I went canoeing in Moore's Creek, Brunswick Co., NC. Yeah, the water was cold.

Here's a quick description of the creek. The creeks around here are mostly rain fed and are slow moving, shallow, and maybe 50ft wide at the most. They drain the swamps and bogs. Aside from a few localized places like Castle Hayne (further downriver), everything is either organics 20ft or more down, or organics on sand (the sandhills). As a result, we get "black water" creeks. The acidity of this creek is 5-6 pH, and dkH and dgH are both < .3 (my test won't go any lower). I couldn't test for potassium or phosphorus, but there weren't any detectable nitrogen levels with my aquarium tests. The actual water colour is, in a white cup, a light yellow. But, when you stack this up 5-10ft down, it appears black, especially when the bottom is covered with leaves. 
In a few places while canoeing we were able to see the bottom, but it was only about 3ft down and sand with scattered leaves and still appeared very dark brown. 
The "banks" of the river are pretty much rows of cypress or other trees. Sometimes, there's even a bit of half decayed organic matter trapped in their roots and knees. Behind the bank, you see much more organic matter between the cypress with standing water everywhere. Sometimes there's catbriar or other marginal plants growing in the hummus. Its a classic swamp.

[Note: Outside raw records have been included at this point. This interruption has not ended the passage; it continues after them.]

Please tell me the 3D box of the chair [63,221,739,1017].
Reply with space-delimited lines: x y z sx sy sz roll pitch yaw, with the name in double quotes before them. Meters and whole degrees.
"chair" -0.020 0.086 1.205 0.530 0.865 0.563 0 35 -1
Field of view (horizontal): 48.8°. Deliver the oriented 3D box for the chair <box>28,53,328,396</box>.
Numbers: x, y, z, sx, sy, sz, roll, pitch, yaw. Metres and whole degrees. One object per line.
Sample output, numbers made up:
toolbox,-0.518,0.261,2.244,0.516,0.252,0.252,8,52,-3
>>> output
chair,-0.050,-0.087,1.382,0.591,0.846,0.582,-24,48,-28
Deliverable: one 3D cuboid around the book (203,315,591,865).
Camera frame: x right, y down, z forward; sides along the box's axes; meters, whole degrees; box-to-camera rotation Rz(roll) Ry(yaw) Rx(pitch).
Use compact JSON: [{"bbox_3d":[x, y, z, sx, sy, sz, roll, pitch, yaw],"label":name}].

The trip went as such: I was canoeing with my girlfriend who's also into aquariums too. I noticed that the water level was actually about 1.5ft below where it had stained the trees on the banks, probably due to the drought. On the area between the stains and the water level was dried out black moss. I recognized one species immediately as something I had collected from my yard (its a type that really likes wet areas and sandy creek banks, very common here). It was doing very poorly, and anywhere it was actually submerged it was dead. 
The second type reminded me of an Osmunda fern - its "stems" were a stingy dark black mass like a witch's broom. On the ends sticking into the water was a green bamboo like leaf. Some of it was above the water line, but that was dried out. 
Below the water line there were clusters of it looking pretty bushy and firmly attached to cypress knees and other sunken wood bits. I picked out two clusters and then my girlfriend decided she wanted a bunch more and froze her hand picking at it for 15 minutes.

We also found some other plants growing submerged, but they may just be marginal, depending on the water level and their tolerance, like the (possibly) "dwarf" hydrocotyle in the pictures. The leaves seem to be between .5-1cm wide.



















So I after a 25ml/gallon dip in H2O2 for 5 minutes (it was starting to bubble) I tied some to a rock and tossed it into my experimentation tank. If this bleaches out in a day or two I've got another half cup of it to try again with less H2O2.

This tank in the picture has a ph of 7-7.5, and hardness of about 6-8 d (haven't tested recently, but my water is 2.5 dgH/dkH, and I added 1 tsp epsom salt and 1 tsp calcium carbonate to it). I give it some home made peat extract and DIY CO2 as well.


----------



## Cliff Mayes (Jan 29, 2007)

The plants all look familiar but I am not dumb enough to hazard a guess.

I just wanted to say that your comment about it being cold reminded me of the Crocodile Dundee quote..."That's not a knife! This...is a knife!"

All thing are relative, I guess. I spent the early hours yesterday standing in the sub-freezing Woods in a snow storm and have spent some time in January in a small boat in the Niagara River chipping off ice from dogs etc. so that seems cold to me but then I read about people in the far North or South that are dealing with the elements and NC looks pretty good.


----------



## slickwillislim (Oct 11, 2005)

Looks like willow moss. I hope it survives for you, certainly an interesting find.


----------



## Zapins (Jul 28, 2004)

Hmmm, not sure why but that moss looks awfully familiar. I know I've seen it somewhere before. Maybe one of my marine and freshwater botany courses.... hmmmmm......


----------